- [Problem to solve] From the line with "degrees. One object per line." through the line with "A 3D bounding", inclusive, return each line of the data below exactly and leave the rest out.

Record set Start Marker

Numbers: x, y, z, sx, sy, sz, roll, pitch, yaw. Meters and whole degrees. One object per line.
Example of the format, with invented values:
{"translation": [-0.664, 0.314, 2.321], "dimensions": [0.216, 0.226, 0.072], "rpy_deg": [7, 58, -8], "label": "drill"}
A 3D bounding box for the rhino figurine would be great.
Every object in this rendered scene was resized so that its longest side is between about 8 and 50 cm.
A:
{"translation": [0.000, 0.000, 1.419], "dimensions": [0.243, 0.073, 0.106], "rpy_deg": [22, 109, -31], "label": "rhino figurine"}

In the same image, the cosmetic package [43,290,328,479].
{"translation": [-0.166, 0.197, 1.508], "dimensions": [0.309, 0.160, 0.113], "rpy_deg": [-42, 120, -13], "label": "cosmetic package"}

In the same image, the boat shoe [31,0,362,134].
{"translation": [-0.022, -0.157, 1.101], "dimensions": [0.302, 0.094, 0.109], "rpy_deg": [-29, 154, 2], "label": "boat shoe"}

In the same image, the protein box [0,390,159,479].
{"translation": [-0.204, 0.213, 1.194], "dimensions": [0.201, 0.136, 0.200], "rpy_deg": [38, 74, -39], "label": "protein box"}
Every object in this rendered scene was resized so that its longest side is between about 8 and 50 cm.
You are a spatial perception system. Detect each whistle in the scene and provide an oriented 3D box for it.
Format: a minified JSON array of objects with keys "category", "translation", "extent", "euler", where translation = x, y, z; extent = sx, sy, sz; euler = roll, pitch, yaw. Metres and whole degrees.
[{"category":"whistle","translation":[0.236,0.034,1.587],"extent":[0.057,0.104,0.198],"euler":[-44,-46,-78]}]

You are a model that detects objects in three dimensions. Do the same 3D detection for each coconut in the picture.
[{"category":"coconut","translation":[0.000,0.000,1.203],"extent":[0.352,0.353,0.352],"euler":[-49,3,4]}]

Record set End Marker
Record set Start Marker

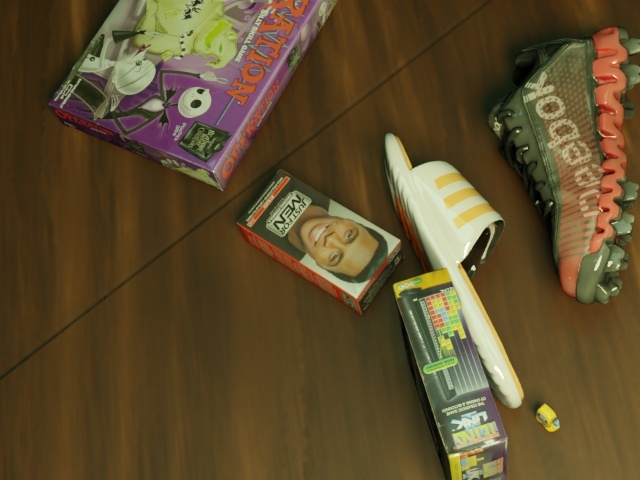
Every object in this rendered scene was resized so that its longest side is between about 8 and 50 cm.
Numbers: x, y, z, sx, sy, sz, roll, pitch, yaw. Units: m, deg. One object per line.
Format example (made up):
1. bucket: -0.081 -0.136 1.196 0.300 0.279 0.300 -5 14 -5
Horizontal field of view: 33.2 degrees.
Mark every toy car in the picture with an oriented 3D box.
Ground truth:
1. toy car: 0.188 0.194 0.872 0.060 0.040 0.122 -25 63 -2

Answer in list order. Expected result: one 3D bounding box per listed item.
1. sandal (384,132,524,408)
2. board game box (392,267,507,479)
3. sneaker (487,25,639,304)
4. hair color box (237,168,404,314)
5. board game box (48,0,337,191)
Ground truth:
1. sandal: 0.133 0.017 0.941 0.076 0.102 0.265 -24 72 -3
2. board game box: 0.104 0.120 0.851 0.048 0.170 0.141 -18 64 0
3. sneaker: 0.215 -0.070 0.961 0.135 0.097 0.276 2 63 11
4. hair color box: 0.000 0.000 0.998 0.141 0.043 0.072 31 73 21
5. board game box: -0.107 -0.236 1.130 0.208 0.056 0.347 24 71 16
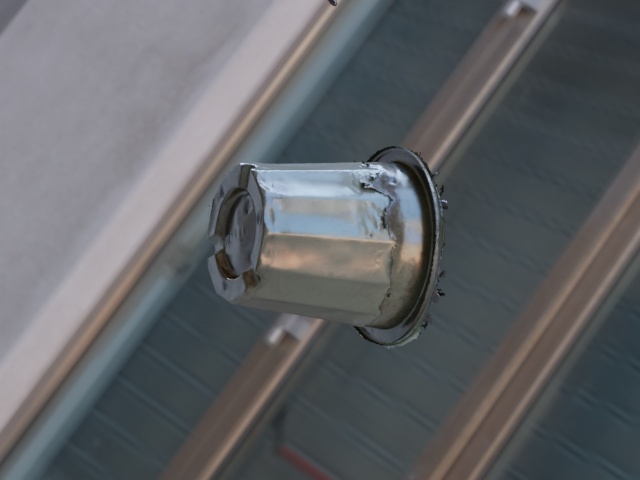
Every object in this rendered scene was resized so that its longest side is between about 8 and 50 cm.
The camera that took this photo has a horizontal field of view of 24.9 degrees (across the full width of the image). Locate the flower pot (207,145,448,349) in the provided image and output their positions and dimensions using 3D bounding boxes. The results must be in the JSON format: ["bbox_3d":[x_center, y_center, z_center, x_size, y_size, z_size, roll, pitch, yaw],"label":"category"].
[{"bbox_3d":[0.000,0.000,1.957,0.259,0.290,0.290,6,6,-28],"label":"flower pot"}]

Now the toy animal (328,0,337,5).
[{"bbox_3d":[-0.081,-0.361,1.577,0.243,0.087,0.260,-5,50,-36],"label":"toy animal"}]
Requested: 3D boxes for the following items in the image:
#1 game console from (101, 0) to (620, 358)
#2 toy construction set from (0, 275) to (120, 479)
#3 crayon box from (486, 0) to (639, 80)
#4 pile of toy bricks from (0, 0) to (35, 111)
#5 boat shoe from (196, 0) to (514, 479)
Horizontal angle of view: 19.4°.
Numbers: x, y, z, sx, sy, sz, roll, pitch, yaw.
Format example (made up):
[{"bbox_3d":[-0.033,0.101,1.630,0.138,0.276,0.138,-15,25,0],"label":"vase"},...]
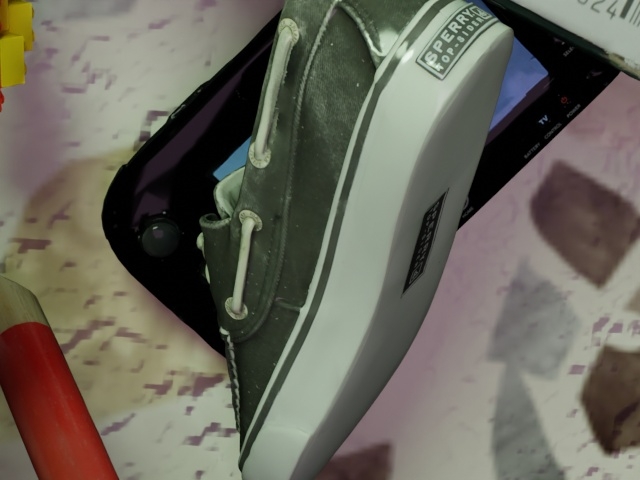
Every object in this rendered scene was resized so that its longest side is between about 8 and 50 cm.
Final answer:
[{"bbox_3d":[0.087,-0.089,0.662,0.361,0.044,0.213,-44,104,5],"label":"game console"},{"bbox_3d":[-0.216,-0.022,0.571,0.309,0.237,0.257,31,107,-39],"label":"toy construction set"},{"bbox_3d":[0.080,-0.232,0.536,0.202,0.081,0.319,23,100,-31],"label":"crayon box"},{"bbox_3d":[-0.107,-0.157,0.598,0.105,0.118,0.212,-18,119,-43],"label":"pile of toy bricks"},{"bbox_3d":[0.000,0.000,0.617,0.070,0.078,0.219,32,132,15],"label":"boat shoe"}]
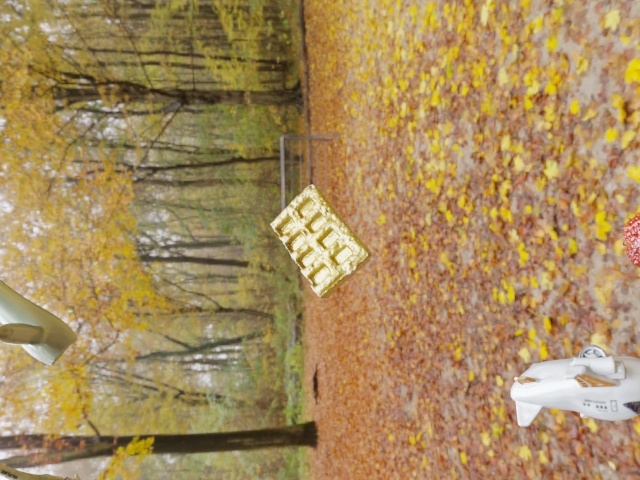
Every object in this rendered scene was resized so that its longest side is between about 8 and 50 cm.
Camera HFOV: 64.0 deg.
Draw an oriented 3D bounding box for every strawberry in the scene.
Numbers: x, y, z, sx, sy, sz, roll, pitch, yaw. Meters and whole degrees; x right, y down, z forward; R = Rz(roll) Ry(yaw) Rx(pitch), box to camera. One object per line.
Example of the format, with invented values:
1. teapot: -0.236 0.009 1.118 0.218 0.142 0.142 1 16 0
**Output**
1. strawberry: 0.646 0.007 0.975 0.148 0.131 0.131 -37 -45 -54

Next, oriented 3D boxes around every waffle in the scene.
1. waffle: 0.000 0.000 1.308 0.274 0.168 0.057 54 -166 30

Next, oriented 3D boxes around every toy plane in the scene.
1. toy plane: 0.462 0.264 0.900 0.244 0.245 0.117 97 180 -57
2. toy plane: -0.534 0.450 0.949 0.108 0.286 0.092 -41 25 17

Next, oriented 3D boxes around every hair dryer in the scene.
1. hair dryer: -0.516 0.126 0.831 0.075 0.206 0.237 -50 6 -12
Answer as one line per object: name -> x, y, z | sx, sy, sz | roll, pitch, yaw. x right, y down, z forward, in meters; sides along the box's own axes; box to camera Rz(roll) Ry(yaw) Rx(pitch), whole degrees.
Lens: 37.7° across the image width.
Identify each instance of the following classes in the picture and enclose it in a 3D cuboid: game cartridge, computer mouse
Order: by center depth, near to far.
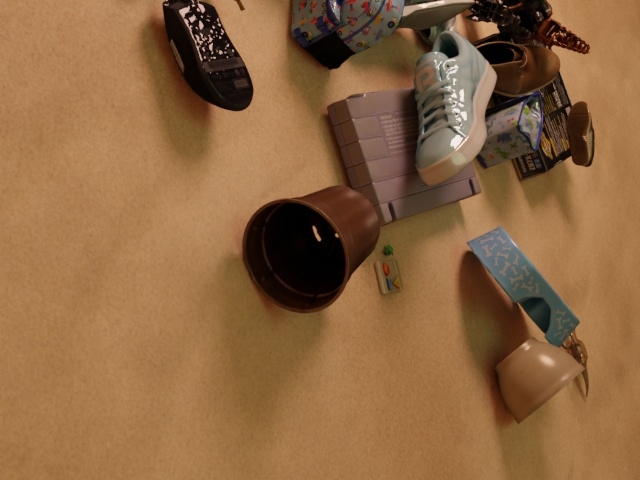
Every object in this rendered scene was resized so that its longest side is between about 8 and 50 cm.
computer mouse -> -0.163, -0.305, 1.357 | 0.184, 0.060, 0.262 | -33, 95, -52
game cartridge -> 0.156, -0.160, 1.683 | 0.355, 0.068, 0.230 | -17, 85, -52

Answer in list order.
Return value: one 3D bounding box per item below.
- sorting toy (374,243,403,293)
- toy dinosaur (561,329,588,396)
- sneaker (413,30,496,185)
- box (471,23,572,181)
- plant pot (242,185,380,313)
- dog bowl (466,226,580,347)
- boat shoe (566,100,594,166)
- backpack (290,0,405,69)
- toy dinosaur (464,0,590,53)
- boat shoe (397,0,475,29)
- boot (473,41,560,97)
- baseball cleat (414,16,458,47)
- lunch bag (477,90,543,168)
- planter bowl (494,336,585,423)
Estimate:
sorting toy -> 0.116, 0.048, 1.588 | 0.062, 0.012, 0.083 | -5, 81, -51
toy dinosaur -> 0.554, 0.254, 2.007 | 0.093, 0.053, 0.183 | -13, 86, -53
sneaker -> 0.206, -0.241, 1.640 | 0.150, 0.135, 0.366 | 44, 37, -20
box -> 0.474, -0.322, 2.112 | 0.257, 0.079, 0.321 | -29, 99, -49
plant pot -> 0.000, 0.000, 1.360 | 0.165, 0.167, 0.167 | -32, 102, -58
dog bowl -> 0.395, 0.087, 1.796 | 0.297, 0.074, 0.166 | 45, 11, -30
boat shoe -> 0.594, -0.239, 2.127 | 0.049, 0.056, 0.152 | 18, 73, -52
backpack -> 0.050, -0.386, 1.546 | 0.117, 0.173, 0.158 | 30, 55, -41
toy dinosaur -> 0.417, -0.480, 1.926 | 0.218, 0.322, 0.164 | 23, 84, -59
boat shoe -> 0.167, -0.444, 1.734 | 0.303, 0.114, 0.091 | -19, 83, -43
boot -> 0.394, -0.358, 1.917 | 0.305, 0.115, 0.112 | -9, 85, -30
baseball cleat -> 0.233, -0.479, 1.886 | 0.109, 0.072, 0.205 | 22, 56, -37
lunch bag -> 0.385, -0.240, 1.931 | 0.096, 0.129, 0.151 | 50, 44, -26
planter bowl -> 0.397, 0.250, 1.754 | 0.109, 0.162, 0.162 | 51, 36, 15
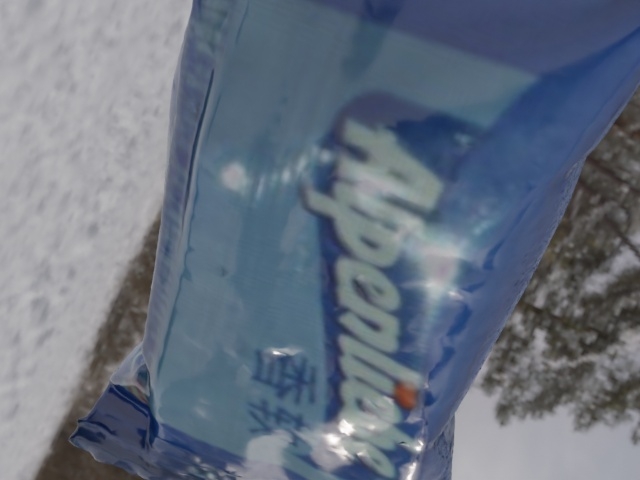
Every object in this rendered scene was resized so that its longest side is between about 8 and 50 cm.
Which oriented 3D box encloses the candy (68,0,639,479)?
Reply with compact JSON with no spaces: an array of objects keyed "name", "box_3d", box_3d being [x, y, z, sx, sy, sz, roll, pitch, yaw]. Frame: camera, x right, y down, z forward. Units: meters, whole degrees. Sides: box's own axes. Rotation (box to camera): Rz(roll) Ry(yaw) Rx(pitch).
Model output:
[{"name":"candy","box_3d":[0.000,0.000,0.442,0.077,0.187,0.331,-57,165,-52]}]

Record set End Marker

- [Output for this task]
Numbers: x, y, z, sx, sy, sz, roll, pitch, yaw. Meters and whole degrees. One object per line.
Example of the format, with invented values:
{"translation": [-0.664, 0.314, 2.321], "dimensions": [0.216, 0.226, 0.072], "rpy_deg": [7, 58, -8], "label": "drill"}
A 3D bounding box for the rhino figurine would be great.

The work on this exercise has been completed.